Earlier this month, Vice President Joe Biden announced a “Recovery Through Retrofit” initiative aimed at boosting energy efficiency in homes across the country. As part of the effort, the U.S. Department of Energy (DOE) has developed Home Energy Score software that will standardize home energy audits, providing homeowners with a score, a list of possible upgrades, and a breakdown of the costs and benefits of recommended upgrades.

Electric cooperatives and the U.S. Department of Agriculture (USDA) have joined the effort in order to facilitate audits and fund upgrades in rural communities, in part through the existing Rural Economic Development Loan and Grant program (REDLG).

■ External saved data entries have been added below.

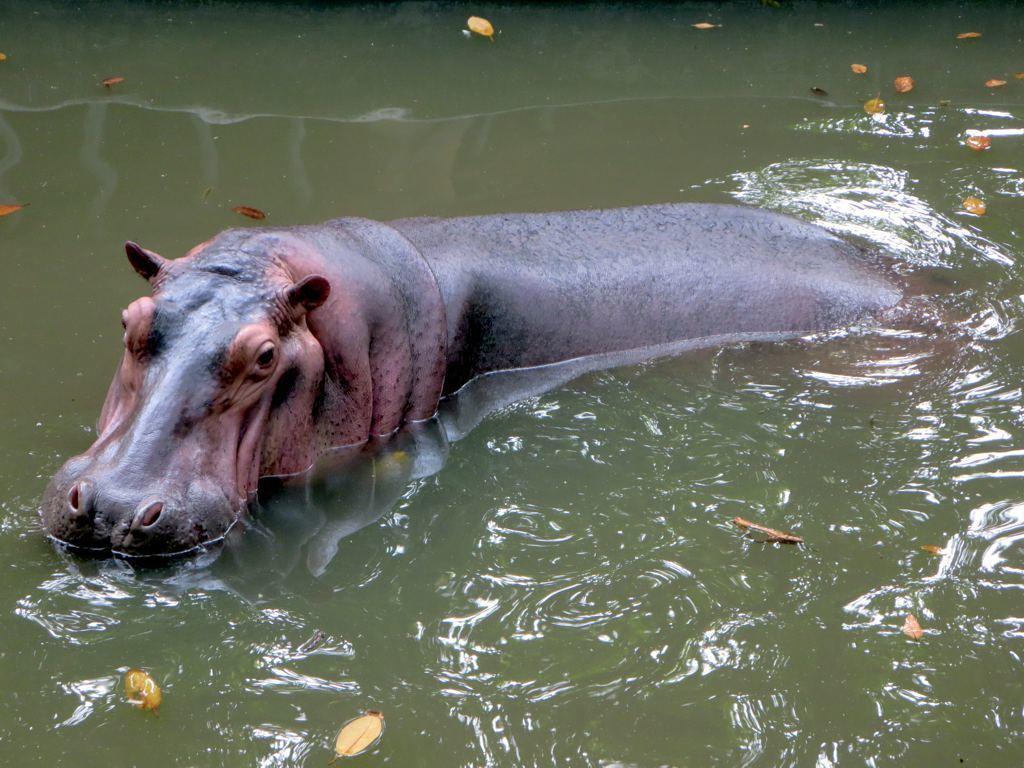Can you describe this image briefly? In the picture we can see a hippopotamus in the water and the water is green in color and with some dried leaves in it. 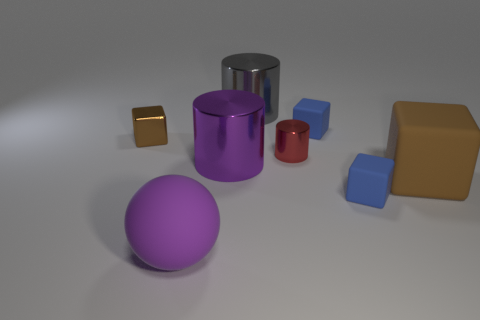Is there anything else that is the same shape as the small red metal object?
Your answer should be compact. Yes. Is there a green ball?
Give a very brief answer. No. Are there fewer tiny brown metallic blocks than large rubber objects?
Your response must be concise. Yes. What number of tiny cubes are made of the same material as the large purple cylinder?
Keep it short and to the point. 1. The ball that is made of the same material as the big cube is what color?
Make the answer very short. Purple. What is the shape of the big gray metal thing?
Offer a very short reply. Cylinder. How many objects have the same color as the tiny metal block?
Provide a short and direct response. 1. What shape is the gray shiny object that is the same size as the brown matte cube?
Give a very brief answer. Cylinder. Are there any purple spheres of the same size as the red thing?
Ensure brevity in your answer.  No. What material is the purple sphere that is the same size as the gray thing?
Your answer should be very brief. Rubber. 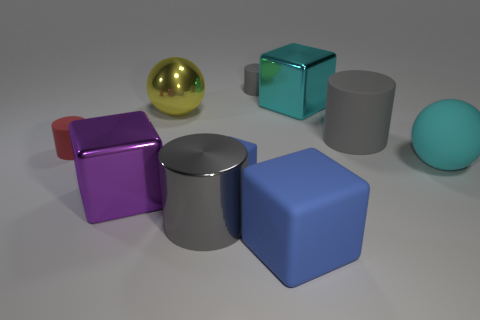What can you infer about the material of the objects? The objects seem to be made of various materials. The golden sphere and the teal cube appear reflective, suggesting they're made of a metal or glass. The matte gray cylinder and blue cube look like they could be made of a dull metal or plastic. The pronounced reflections and the way the light plays on their surfaces give us these clues. Which object seems out of place and why? The shiny golden sphere seems slightly out of place, not because of its shape, but due to its reflective, lustrous finish that contrasts with the other objects, which are either matte or only slightly reflective. 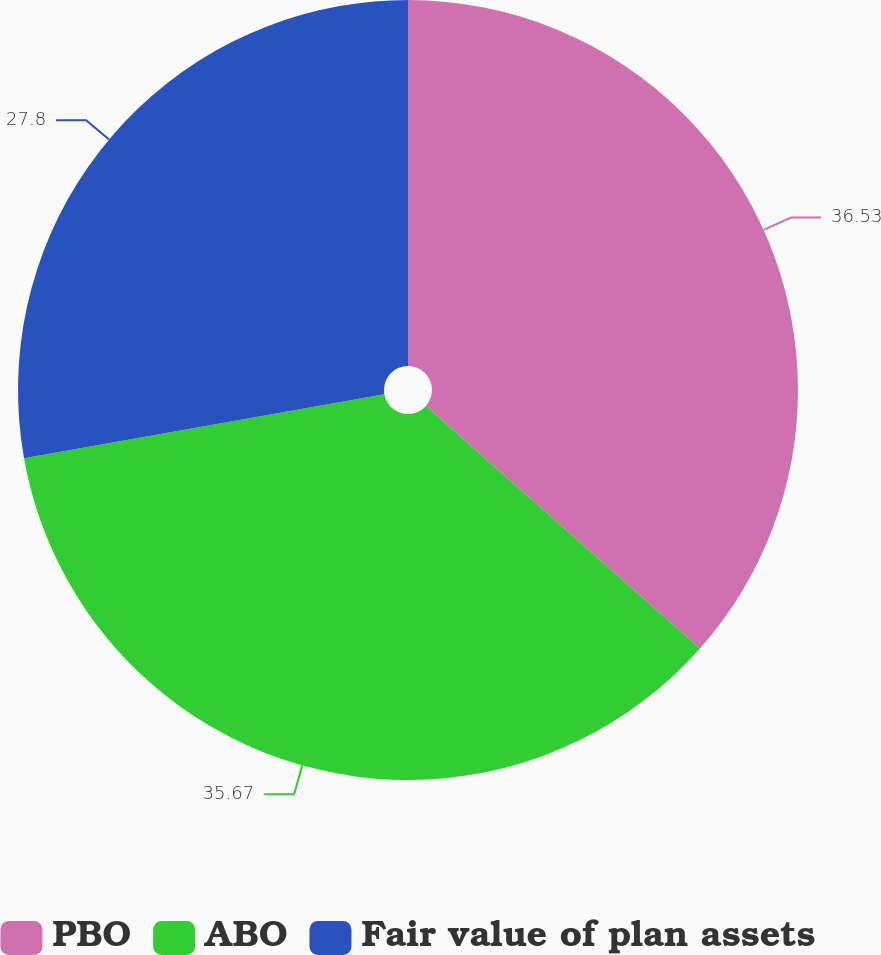Convert chart. <chart><loc_0><loc_0><loc_500><loc_500><pie_chart><fcel>PBO<fcel>ABO<fcel>Fair value of plan assets<nl><fcel>36.54%<fcel>35.67%<fcel>27.8%<nl></chart> 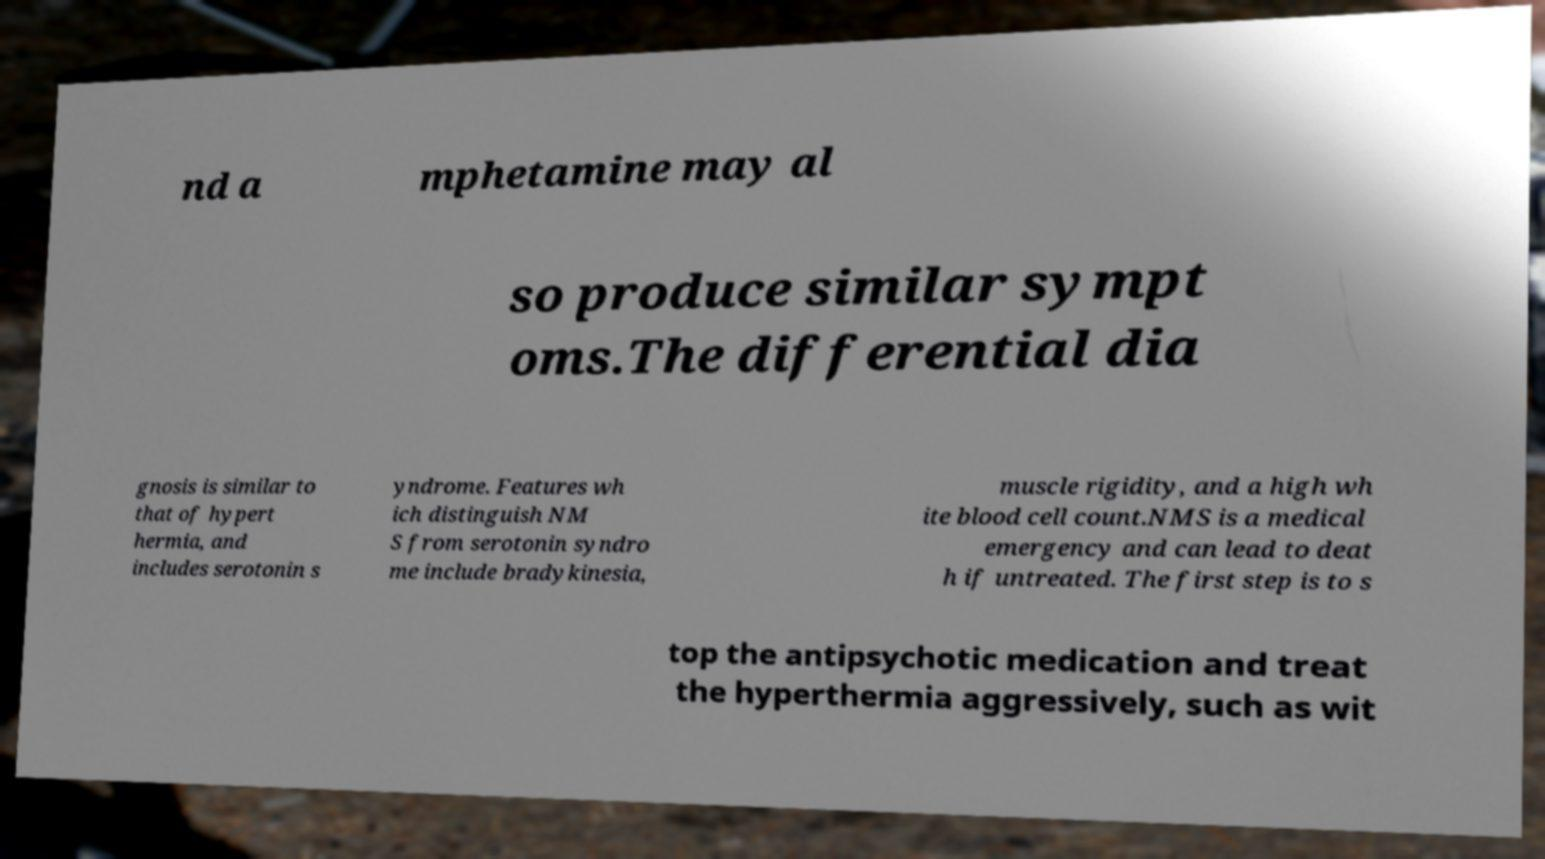Please identify and transcribe the text found in this image. nd a mphetamine may al so produce similar sympt oms.The differential dia gnosis is similar to that of hypert hermia, and includes serotonin s yndrome. Features wh ich distinguish NM S from serotonin syndro me include bradykinesia, muscle rigidity, and a high wh ite blood cell count.NMS is a medical emergency and can lead to deat h if untreated. The first step is to s top the antipsychotic medication and treat the hyperthermia aggressively, such as wit 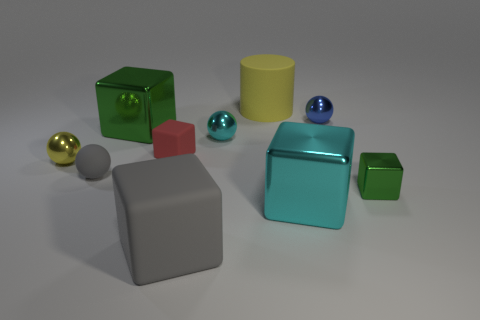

“We are working with four electric cooperatives on a pilot basis to develop the program,” said Dallas Tonsager, USDA under secretary for Rural Development. “We’re very pleased to support this effort. We see new jobs. We see improvements in carbon levels across the country. We see homeowners getting a better deal. We just think that’s good for everybody—it’s a triple hit.”

To help homeowners meet upfront costs of upgrades, USDA Rural Development is promoting the Rural Economic Development Energy Efficiency (REDEE) effort, a partnership between USDA and DOE that taps resources from Rural Development’s Utilities, Housing and Business program areas. As part of this, the Rural Utilities Service currently provides funding for utility infrastructure that may include energy efficiency improvements.

Homeowners in rural communities also may be eligible for funding through the Rural Housing Service, enabling qualifying homeowners to purchase a house or retrofit their existing home through a variety of loan and grant programs.

And as an additional option, electric cooperatives can obtain funding for upgrades through the REDL&G program, according to USDA, which provides local utilities with grants and zero-interest loans that ultimately fund a wide range of rural community and economic development projects.

REDL&G funds are not directly available to homeowners, but they can be used by electric cooperatives for businesses making energy efficiency retrofits in these homes. Through USDA’s guaranteed underwriter program, CFC currently pays $9 million per year in fees to help fund the REDL&G program. “USDA’s Rural Development programs are a perfect vehicle for supporting energy efficiency for housing, businesses, farms and utilities,” USDA Secretary Tom Vilsack said in announcing the effort.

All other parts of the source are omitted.